Heart of Stone, a spy thriller with Gal Gadot as a secret agent, premieres on Netflix August 11, and is in select theaters the same day. Tom Harper directs the PG-13 movie.
Gadot, star of Wonder Woman, plays Rachel Stone, a member of a mysterious group of elite spies known as the Charter. In the trailer, they’re described as “the most highly trained agents — no political leanings, no national allegiances — working together to keep peace in a turbulent world.”
To achieve their lofty ambitions, those agents rely on an enigmatic AI asset called the Heart.
“If you own it, you own the world,” the trailer says of the Heart.
The cast includes Jamie Dornan, Alia Bhatt and Sophie Okonedo.
Gadot told Netflix marketing arm Tudum of her character, “It was really important to me that Rachel be a character who can fight, but I also wanted her to be able to use her brain, intuition and emotions. She doesn’t just run in, guns blazing. She thinks about how she’s affecting people and situations. I choose roles that show that women can be beautiful and strong, and none of this is mutually exclusive.”
A review in the New York Times said Heart of Stone frequently borrows from Mission: Impossible and other action films. “A motorcycle chase strikingly similar to the exquisite one from Rogue Nation looks flat and pedestrian by comparison, with dull staging and a corny gag; its knockoff Fallout HALO jump, however, is shameless plagiarism, made all the more insulting by appearing so ludicrously fake. [Tom] Cruise jumped out of an actual airplane. Gadot free falls through bad C.G.I.”

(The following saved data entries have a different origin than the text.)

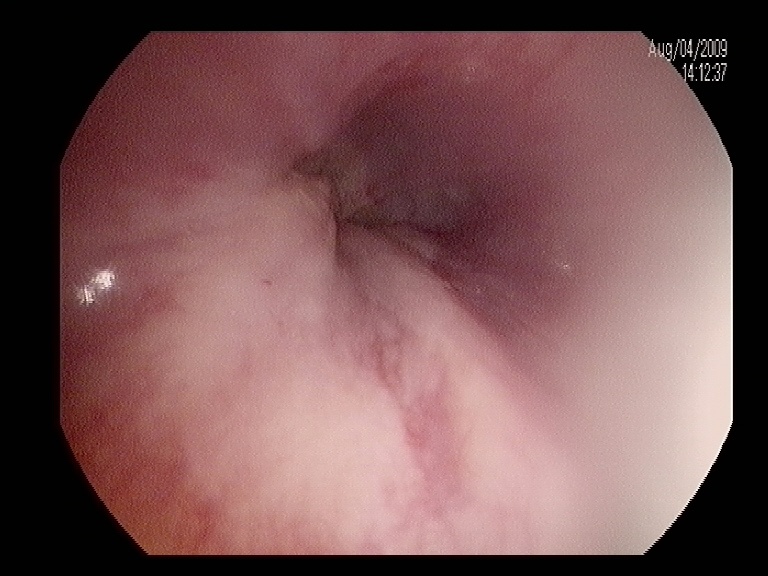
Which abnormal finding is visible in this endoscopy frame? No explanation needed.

esophagitis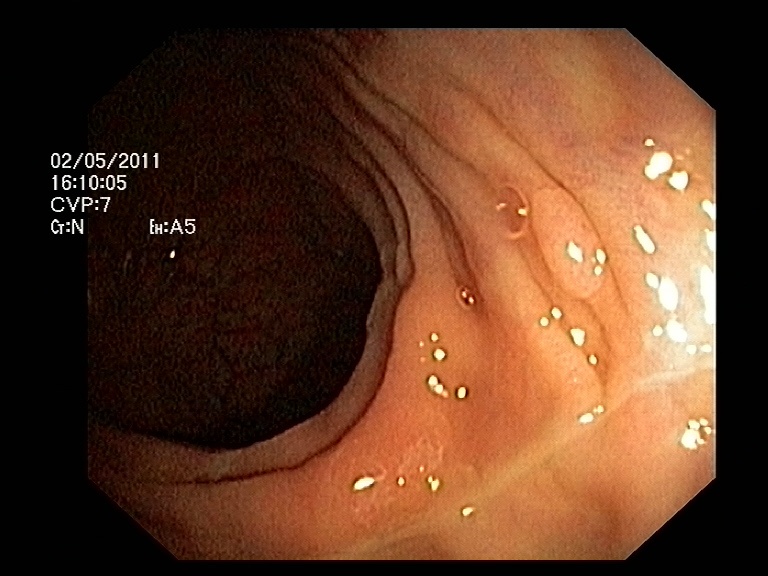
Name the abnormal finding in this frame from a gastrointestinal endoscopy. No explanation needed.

colon polyp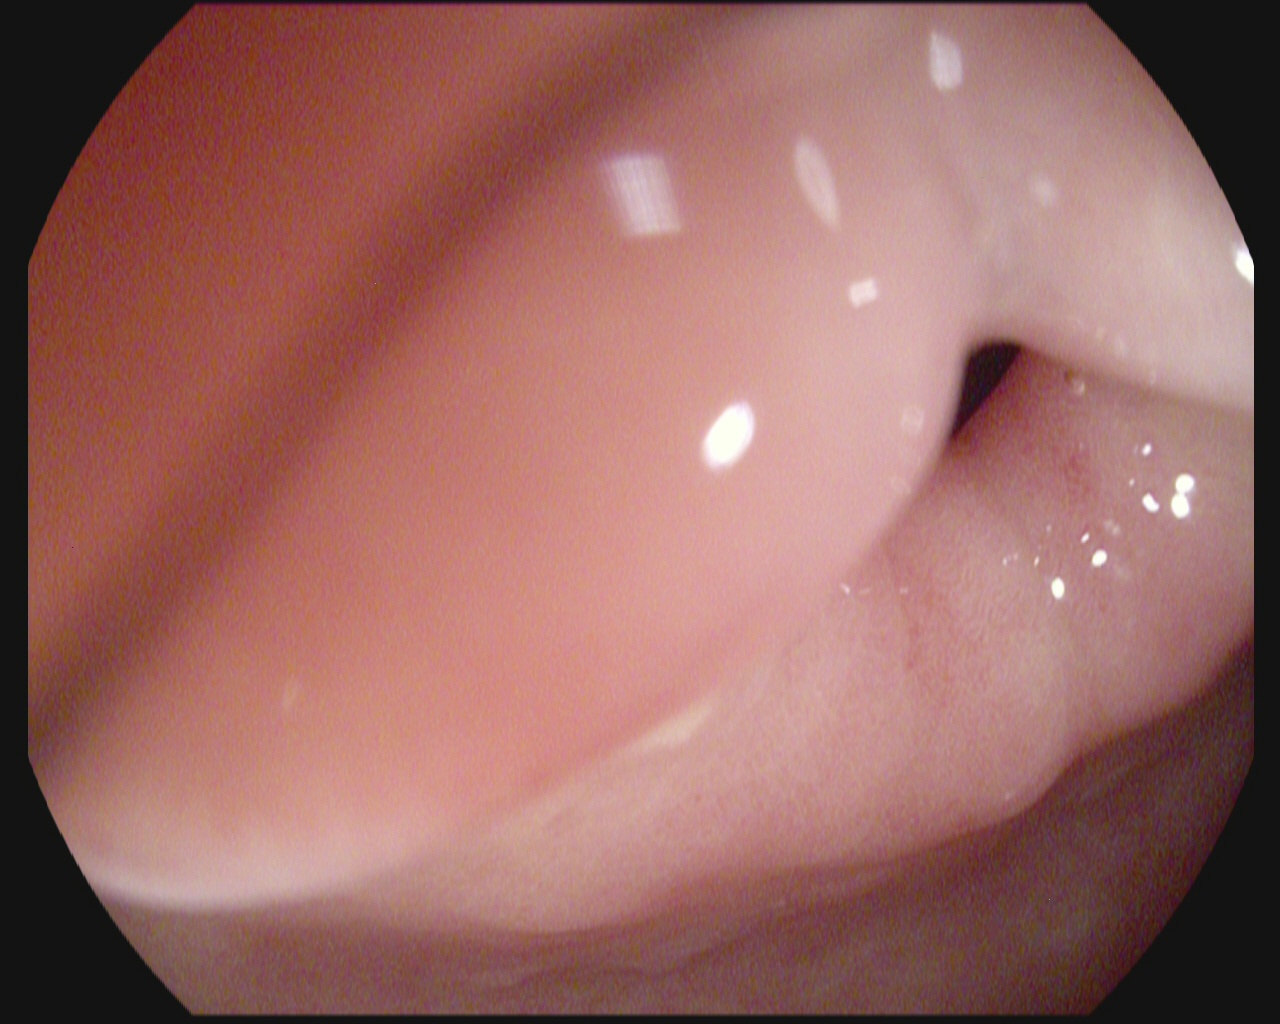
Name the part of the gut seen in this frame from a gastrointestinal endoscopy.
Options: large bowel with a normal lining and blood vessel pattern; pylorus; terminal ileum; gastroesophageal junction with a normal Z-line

Variety called the movie “joyless.” The Hollywood Reporter, for its part, said Heart of Stone “feels only marginally less manufactured from the spare parts of other movies.”
Director Harper said of Rachel Stone, “There is a deep care and compassion for people as the driving force of her actions. It often feels that there's one character acting in an almost God-like way, saving the world but yet disregarding the humans around them,” he told Tudum. “This is a bit different, it has a bit more of a humanistic approach.”